# Plexiglas



## MaeJae (May 12, 2005)

I did the Plexiglas over the screens so we can keep the big door open
while the A/C or heat is on and still be able to look outside.
It really felt more open.









I cut it to size. 
When I cut the arc at the top I taped the back side with a couple
of layers of duct tape for support so it wouldn't crack. It didn't!

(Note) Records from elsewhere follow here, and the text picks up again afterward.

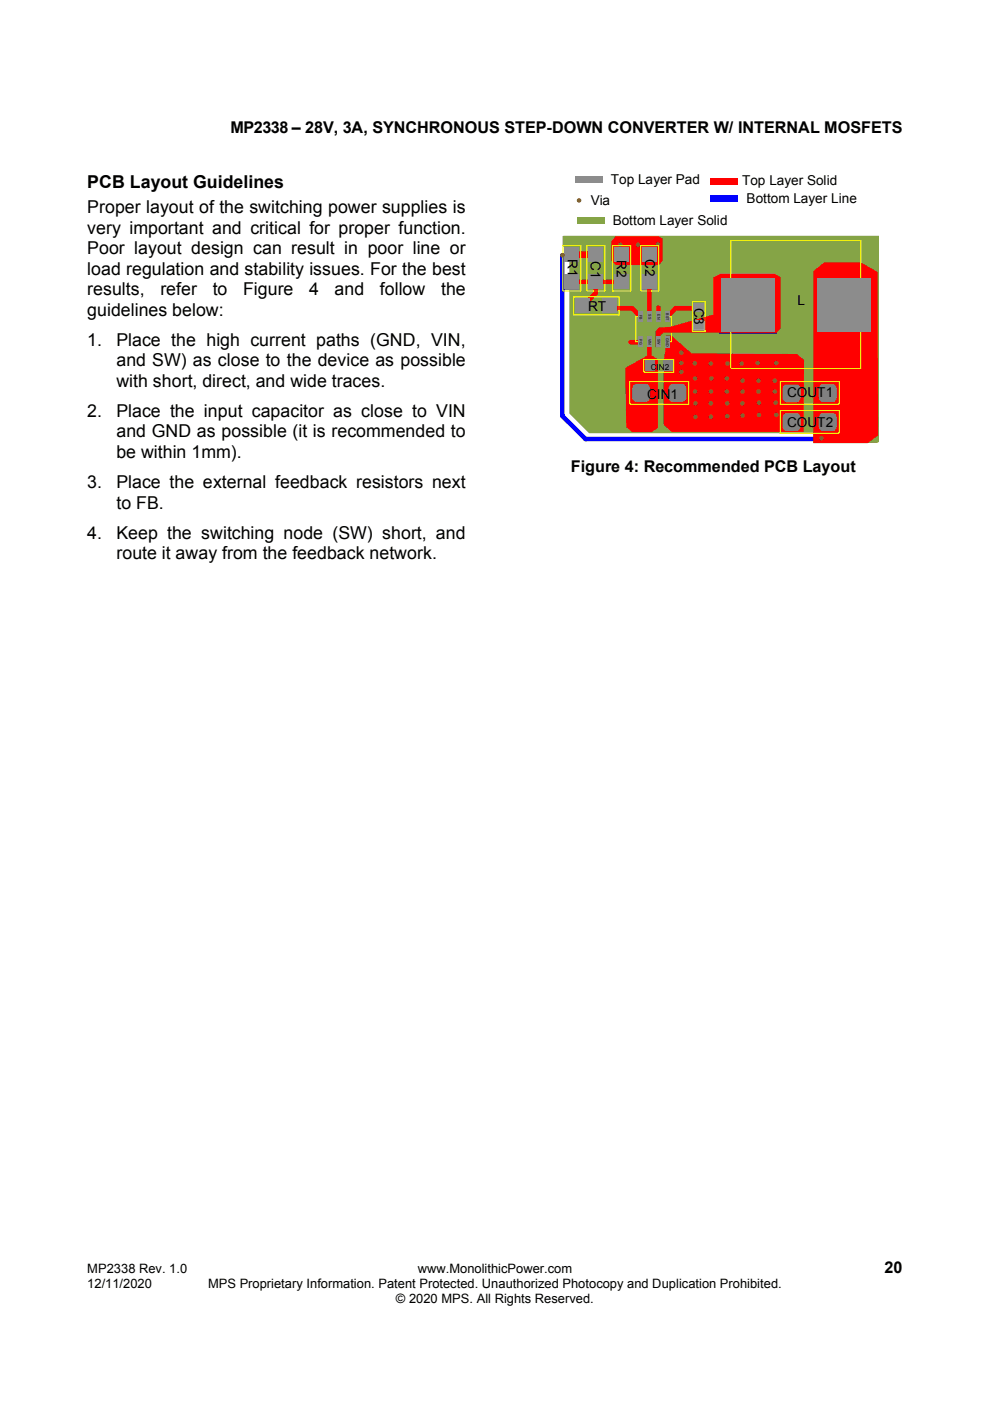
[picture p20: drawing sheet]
<svg xmlns="http://www.w3.org/2000/svg" width="210mm" height="297mm" viewBox="0 0 210 297" stroke-linecap="round" stroke-linejoin="round" font-family="sans-serif">
<defs><g id="words">
<g font-size="3.8">
<text x="18.5" y="39.9">PCB Layout Guidelines</text>
<text x="18.5" y="45.2">Proper layout of the switching power supplies is</text>
<text x="18.5" y="49.6">very important and critical for proper function.</text>
<text x="18.5" y="53.9">Poor layout design can result in poor line or</text>
<text x="18.5" y="58.3">load regulation and stability issues. For the best</text>
<text x="18.5" y="62.6">results,</text>
<text x="34" y="62.6">refer</text>
<text x="45.1" y="62.6">to</text>
<text x="51.5" y="62.6">Figure</text>
<text x="65.5" y="62.6">4</text>
<text x="71" y="62.6">and</text>
<text x="80.6" y="62.6">follow</text>
<text x="93.5" y="62.6">the</text>
<text x="18.5" y="66.9">guidelines below:</text>
<text x="18.5" y="73.3">1.</text>
<text x="24.7" y="73.3">Place the high current paths (GND, VIN,</text>
<text x="24.7" y="77.7">and SW) as close to the device as possible</text>
<text x="24.7" y="82">with short, direct, and wide traces.</text>
<text x="18.5" y="88.4">2.</text>
<text x="24.7" y="88.4">Place the input capacitor as close to VIN</text>
<text x="24.7" y="92.7">and GND as possible (it is recommended to</text>
<text x="24.7" y="97.1">be within 1mm).</text>
<text x="18.5" y="103.5">3.</text>
<text x="24.7" y="103.5">Place the external feedback resistors next</text>
<text x="24.7" y="107.8">to FB.</text>
<text x="18.5" y="114.2">4.</text>
<text x="24.7" y="114.2">Keep the switching node (SW) short, and</text>
<text x="24.7" y="118.6">route it away from the feedback network.</text>
</g>
<g font-size="3.4">
<text x="48.9" y="28.2">MP2338 – 28V, 3A, SYNCHRONOUS STEP-DOWN CONVERTER W/ INTERNAL MOSFETS</text>
<text x="121.1" y="100.2">Figure 4: Recommended PCB Layout</text>
<text x="187.6" y="269.9">20</text>
</g>
<g font-size="2.9">
<text x="129.6" y="39.1">Top Layer Pad</text>
<text x="157.4" y="39.2">Top Layer Solid</text>
<text x="125.3" y="43.4">Via</text>
<text x="130" y="47.7">Bottom Layer Solid</text>
<text x="158.4" y="43">Bottom Layer Line</text>
<text x="120.4" y="55" transform="rotate(90 120.4 55)">R1</text>
<text x="125.3" y="55.4" transform="rotate(90 125.3 55.4)">C1</text>
<text x="130.8" y="55.2" transform="rotate(90 130.8 55.2)">R2</text>
<text x="136.8" y="54.9" transform="rotate(90 136.8 54.9)">C2</text>
<text x="124.7" y="65.9">RT</text>
<text x="147.2" y="65.2" transform="rotate(90 147.2 65.2)">C3</text>
<text x="169.1" y="64.7">L</text>
<text x="137.2" y="84.7">CIN1</text>
<text x="167" y="84.3">COUT1</text>
<text x="167" y="90.6">COUT2</text>
</g>
<g font-size="2.7">
<text x="18.5" y="269.9">MP2338 Rev. 1.0</text>
<text x="88.6" y="269.9">www.MonolithicPower.com</text>
<text x="18.5" y="273.2">12/11/2020</text>
<text x="44.1" y="273.2">MPS Proprietary Information. Patent Protected. Unauthorized Photocopy and Duplication Prohibited.</text>
<text x="84" y="276.3">© 2020 MPS. All Rights Reserved.</text>
</g>
<text font-size="1.7" x="138" y="78.5">CIN2</text>
<g font-size="1.1" fill="#ffb5b5">
<text x="167.9" y="83.7">1</text>
<text x="175.6" y="83.7">2</text>
<text x="167.9" y="89.9">1</text>
<text x="175.6" y="89.9">2</text>
</g>
<g font-size=".8">
<text x="135.6" y="66.7" transform="rotate(90 135.6 66.7)">FB</text>
<text x="135.6" y="71.9" transform="rotate(90 135.6 71.9)">PG</text>
<text x="137.6" y="66.7" transform="rotate(90 137.6 66.7)">SS</text>
<text x="137.6" y="71.8" transform="rotate(90 137.6 71.8)">VIN</text>
<text x="139.5" y="66.7" transform="rotate(90 139.5 66.7)">EN</text>
<text x="139.5" y="71.9" transform="rotate(90 139.5 71.9)">SW</text>
<text x="141.3" y="66.4" transform="rotate(90 141.3 66.4)">BST</text>
<text x="141.3" y="71.7" transform="rotate(90 141.3 71.7)">GND</text>
</g>
</g></defs>
<path d="M119.3 50.1l67.1-.1v43.6l-.2 .3h-9.8l-.3-.4a1.71 1.71 0 0 0-.8-2.2 1.71 1.71 0 0 0-2.2 .6h-48.1l-4.2-4.2v-32.3a1.74 1.74 0 0 0 .3-1.9 1.74 1.74 0 0 0-1.6-1.1l-.2-.2z" fill-rule="evenodd" fill="#85a446"/>
<g fill="#f00">
<path d="M141.2 71.2h1.2l4.3 3.8 22.3 .1 1.5 1.2v15.3h-28.1l-1.6-1.6v-13.5l.4-2.4z" fill-rule="evenodd"/>
<path d="M130.6 50.1h9.1l.8 .4v4.9l-.8 .8h-9.1l-.9-.9v-4.2z" fill-rule="evenodd"/>
</g>
<g fill="#808080">
<path d="M147 64.2h2.4v1.9h-2.4z"/>
<path d="M147 68h2.4v2h-2.4z"/>
<path d="M136.3 52.6h3.1v2.9h-3.1z"/>
<path d="M136.3 58.3h3.1v3h-3.1z"/>
<path d="M119.8 58.3h2.9v3h-2.9z"/>
<path d="M119.8 52.6h2.9v2.9h-2.9z"/>
</g>
<g fill="#816200">
<circle cx="147.4" cy="80.2" r=".48"/>
<circle cx="157.5" cy="83" r=".48"/>
<circle cx="160.9" cy="83" r=".48"/>
<circle cx="150.9" cy="80.2" r=".48"/>
<circle cx="154.2" cy="80.2" r=".48"/>
<circle cx="150.8" cy="83" r=".48"/>
<circle cx="154.2" cy="83" r=".49"/>
<circle cx="135.3" cy="51.9" r=".48"/>
<circle cx="139.6" cy="51.8" r=".48"/>
<circle cx="131.6" cy="51.9" r=".48"/>
<circle cx="147.4" cy="83" r=".48"/>
<circle cx="164.3" cy="83" r=".49"/>
<circle cx="164.3" cy="80.7" r=".49"/>
<circle cx="160.9" cy="80.7" r=".48"/>
<circle cx="157.5" cy="80.7" r=".48"/>
</g>
<path d="M119.3 54.1v34.1l4.9 4.9h49.4M174.2 92.4v.5" fill="none" stroke="#00f" stroke-width=".96"/>
<path d="M121.3 59.8h10.6M126.4 59.8v2.3l-2.8 2.8M137.7 59.8v7M129.5 65.3h4.6l1.7 1.9M135.8 72.5h-2.1M139.7 65.2v2M148 65.3h-4.7l-1.8 1.9M175.2 89.3l-1.4 1.4" fill="none" stroke="#f00" stroke-width=".96"/>
<path d="M121.3 54h5.1" fill="none" stroke="#f00" stroke-width="1.4"/>
<path d="M140.7 76.4h1.9v2.3h-1.9z" fill="#f00"/>
<path d="M136.5 76h2.7v3.1h-2.7z" fill="#800080"/>
<g fill="#f00">
<path d="M136.9 76.4h1.9v2.3h-1.9z"/>
<path d="M141.8 81.4h3.8v3.8h-3.8z"/>
</g>
<path d="M133.7 81h4.6v4.6h-4.6z" fill="#800080"/>
<path d="M134.1 81.4h3.8v3.8h-3.8z" fill="#f00"/>
<path d="M183.5 81.6h-1.4l-.6 .7v2.5l.6 .6h1.4" fill="none" stroke="#ff0" stroke-width=".48"/>
<path d="M166 81.4h3.8v3.8h-3.8z" fill="#f00"/>
<path d="M173.3 81h4.6v4.6h-4.6z" fill="#800080"/>
<path d="M173.7 81.4h3.8v3.8h-3.8z" fill="#f00"/>
<path d="M183.4 87.7h-1.4l-.6 .7v2.5l.6 .7h1.4" fill="none" stroke="#ff0" stroke-width=".48"/>
<path d="M166 87.5h3.8v3.9h-3.8z" fill="#f00"/>
<path d="M173.3 87.1h4.6v4.7h-4.6z" fill="#800080"/>
<path d="M173.7 87.5h3.8v3.9h-3.8z" fill="#f00"/>
<path d="M151.7 59.6l.7-.7h1.3l.6 .7v.6l-.6 .6h-.6h.6l.6 .7v.6l-.6 .7h-1.3l-.7-.7" fill="none" stroke="#ff0" stroke-width=".48"/>
<path d="M147 64.2h2.4v1.9h-2.4z" fill="#8c8c8c"/>
<path d="M146.9 63.9h2.6" fill="none" stroke="#ff0" stroke-width=".21"/>
<g fill="#8c8c8c">
<path d="M136.3 52.5h3.1v3h-3.1z"/>
<path d="M136.3 58.2h3.1v3.1h-3.1z"/>
</g>
<path d="M135.9 52.1h3.8v9.6h-3.8z" fill="none" stroke="#ff0" stroke-width=".21"/>
<g fill="#8c8c8c">
<path d="M119.8 52.5h3v3h-3z"/>
<path d="M119.8 58.2h3v3.1h-3z"/>
</g>
<path d="M119.4 52.1h3.8v9.6h-3.8z" fill="none" stroke="#ff0" stroke-width=".21"/>
<g fill="#800080">
<path d="M152.5 58.5h12.1v12.1h-12.1z"/>
<path d="M173 58.5h12.1v12.1h-12.1z"/>
</g>
<path d="M155 50.9h27.6" fill="none" stroke="#ff0" stroke-width=".21"/>
<g fill="#8c8c8c">
<path d="M124.9 58.2h3v3.1h-3z"/>
<path d="M124.9 52.5h3v3h-3z"/>
</g>
<path d="M124.5 52.1h3.8v9.6h-3.8z" fill="none" stroke="#ff0" stroke-width=".21"/>
<g fill="#8c8c8c">
<path d="M130.3 52.5h3.1v3h-3.1z"/>
<path d="M130.3 58.2h3.1v3.1h-3.1z"/>
</g>
<path d="M129.9 52.1h3.9v9.6h-3.9z" fill="none" stroke="#ff0" stroke-width=".21"/>
<path d="M122.1 63.3h3v3.1h-3z" fill="#8c8c8c"/>
<path d="M121.7 62.9h9.6v3.9h-9.6z" fill="none" stroke="#ff0" stroke-width=".21"/>
<g fill="#8c8c8c">
<path d="M135.3 66h1v2.3h-1z"/>
<path d="M137.2 66h1v2.3h-1z"/>
<path d="M139.2 66h.9v2.3h-.9z"/>
<path d="M141 66h1v2.3h-1z"/>
<path d="M135.3 71.3h1v2.3h-1z"/>
</g>
<path d="M135.2 67.2h-.3v5.3h.3M142 67.2h.4v5.3h-.4" fill="none" stroke="#ff0" stroke-width=".21"/>
<g fill="#f00">
<path d="M139.7 69.5l2.5-.2 9.1-2.6v-7.9l1.5-.8h11.5l1.3 .8v10.8l-.9 .9h-23.9l-.7 .5v2.6h-1v-3.3z" fill-rule="evenodd"/>
<path d="M137.2 71.3h1v4l1.4 .9v14.5l-1.4 .9h-4.1l-1.3-1-.2-12.6 4.6-2.6z" fill-rule="evenodd"/>
<path d="M172.5 57.5l2.3-1.9h7.8l3.5 2.1 .1 34.6-2.2 1.7h-11.5z" fill-rule="evenodd"/>
</g>
<circle cx="119.3" cy="54.1" r=".48" fill="#816200"/>
<path d="M155 50.9v27.2h27.6M136.6 76.2h6.3v2.7h-6.3zM146.9 63.9v6.4h2.6v-6.4M133.6 80.9h12.5v4.8h-12.5zM165.5 80.9h12.5v4.8h-12.5zM165.5 87.1h12.5v4.7h-12.5z" fill="none" stroke="#ff0" stroke-width=".21"/>
<path d="M127.8 63.3h3.1v3.1h-3.1z" fill="#8c8c8c"/>
<path d="M182.6 50.9v27.2" fill="none" stroke="#ff0" stroke-width=".21"/>
<g fill="#8c8c8c">
<path d="M137.2 71.3h1v2.3h-1z"/>
<path d="M139.2 71.3h.9v2.3h-.9z"/>
<path d="M141 71.3h1v2.5h-1z"/>
</g>
<g fill="#808080">
<path d="M136.9 76.4h1.9v2.3h-1.9z"/>
<path d="M140.7 76.4h1.9v2.3h-1.9z"/>
</g>
<g fill="#808080">
<path d="M134.4 81.7l.6-.3h1.9a1.01 1.01 0 0 1 1 1v1.9a.98 .98 0 0 1-1 .9h-1.9a.98 .98 0 0 1-.9-.9v-1.9z" fill-rule="evenodd"/>
<path d="M142 81.7l.7-.3h2a1.02 1.02 0 0 1 .9 1v1.9a.98 .98 0 0 1-.9 .9h-2a.98 .98 0 0 1-.9-.9v-1.9z" fill-rule="evenodd"/>
<path d="M166.3 81.7l.2-.2h2.7l.3 .2a3.8 3.8 0 0 1 .2 3l-.5 .6h-2.7l-.2-.3a3.2 3.2 0 0 1-.2-2.9z" fill-rule="evenodd"/>
<path d="M173.9 81.7l.3-.2h2.7l.3 .2a3.6 3.6 0 0 1 .2 2.9l-.5 .6h-2.7l-.3-.3a3.2 3.2 0 0 1-.1-2.8z" fill-rule="evenodd"/>
<path d="M173.9 87.8l.3-.2h2.7l.3 .2a3.7 3.7 0 0 1 .2 3l-.5 .6h-2.7l-.3-.3a3.2 3.2 0 0 1-.1-2.9z" fill-rule="evenodd"/>
<path d="M166.3 87.8l.2-.2h2.7l.3 .2a3.7 3.7 0 0 1 .2 3l-.5 .6h-2.7l-.2-.3a3.2 3.2 0 0 1-.2-2.9z" fill-rule="evenodd"/>
</g>
<path d="M147 68h2.4v2h-2.4z" fill="#8c8c8c"/>
<path d="M147 68h2.4v2h-2.4zM147 70h.1" fill="none" stroke="#a6a6a6" stroke-width=".21"/>
<g fill="#8c8c8c">
<path d="M152.9 58.9h11.3v11.4h-11.3z"/>
<path d="M173.4 58.9h11.3v11.4h-11.3z"/>
</g>
<g fill="#816200">
<circle cx="174.2" cy="92.9" r=".48"/>
<circle cx="122.8" cy="42.5" r=".48"/>
</g>
<path d="M122.1 37.5h5.8v1.3h-5.8z" fill="#8c8c8c"/>
<path d="M150.7 37.7h5.8v1.4h-5.8z" fill="#f00"/>
<path d="M150.6 41.3h5.8v1.4h-5.8z" fill="#4d29ef"/>
<path d="M122.4 46.2h5.7v1.3h-5.7z" fill="#85a446"/>
<g fill="#816200">
<circle cx="144.5" cy="74.8" r=".48"/>
<circle cx="144.5" cy="77" r=".48"/>
<circle cx="144.5" cy="78.9" r=".48"/>
<circle cx="147.4" cy="77" r=".48"/>
<circle cx="150.8" cy="77.1" r=".48"/>
<circle cx="154.3" cy="77.1" r=".48"/>
<circle cx="157.3" cy="77.1" r=".48"/>
<circle cx="160.7" cy="77" r=".48"/>
<circle cx="164.7" cy="77" r=".48"/>
<circle cx="147.5" cy="85.5" r=".48"/>
<circle cx="150.8" cy="85.5" r=".49"/>
<circle cx="154.2" cy="85.5" r=".48"/>
<circle cx="157.4" cy="85.5" r=".48"/>
<circle cx="161" cy="85.4" r=".48"/>
<circle cx="164.5" cy="85.4" r=".49"/>
<circle cx="147.5" cy="88.4" r=".48"/>
<circle cx="150.8" cy="88.4" r=".48"/>
<circle cx="154.2" cy="88.2" r=".48"/>
<circle cx="157.5" cy="88.1" r=".48"/>
<circle cx="161" cy="88" r=".48"/>
<circle cx="164.7" cy="88" r=".48"/>
</g>
<use href="#words"/>
</svg>

After all was cut I had to "tweak" the top left side of the arc 
with the dremel so it would fit.
top of door

I used little tabs to secure the Plexiglas. Also you can see I 
put weatherstripping on the back side so the thin Plexiglas would
stay snug. I also put little pieces under the tabs.
tabs

I also did the small section next to the door handle access slide panel
access panel

MaeJae


----------



## skippershe (May 22, 2006)

Now, that's impressive!
Great mod MaeJae


----------



## bradnjess (Mar 25, 2007)

Looks great.









Brad


----------



## daslobo777 (Mar 24, 2007)

Hi,

What thickness glass did you use? Interesting enough, our Bailey (bichon) got excited while we were gone or after he heard us driving up etc. and ripped our screen during the last trip. We started to get mosquitoes so I asked DH to put duct tape on it. It was just in the corner, but he didn't like that. We arrived at Pocatello, ID for a night and met up with some friends. Well, DH got all excited that our friend had a drill with him so they set off to start a project although we are leaving the next am to grand teton. I enjoy the plexiglass look. He took the screen entirely off but left the screen alone on top. While at Yellowstone, brother-in-law closed the door and the plexiglass cracked in several places. We then duct taped it in many places not just the tiny corner with the screen







. Murphy's law no doubt. Heads up on what happen to us. I think just so many closings with kids in and out etc. as it wasn't like it got slammed, but boy did he feel bad. DH is going with a thicker plexi now but is having trouble finding it. Pocatello-one store, AZ he has been to three thus far.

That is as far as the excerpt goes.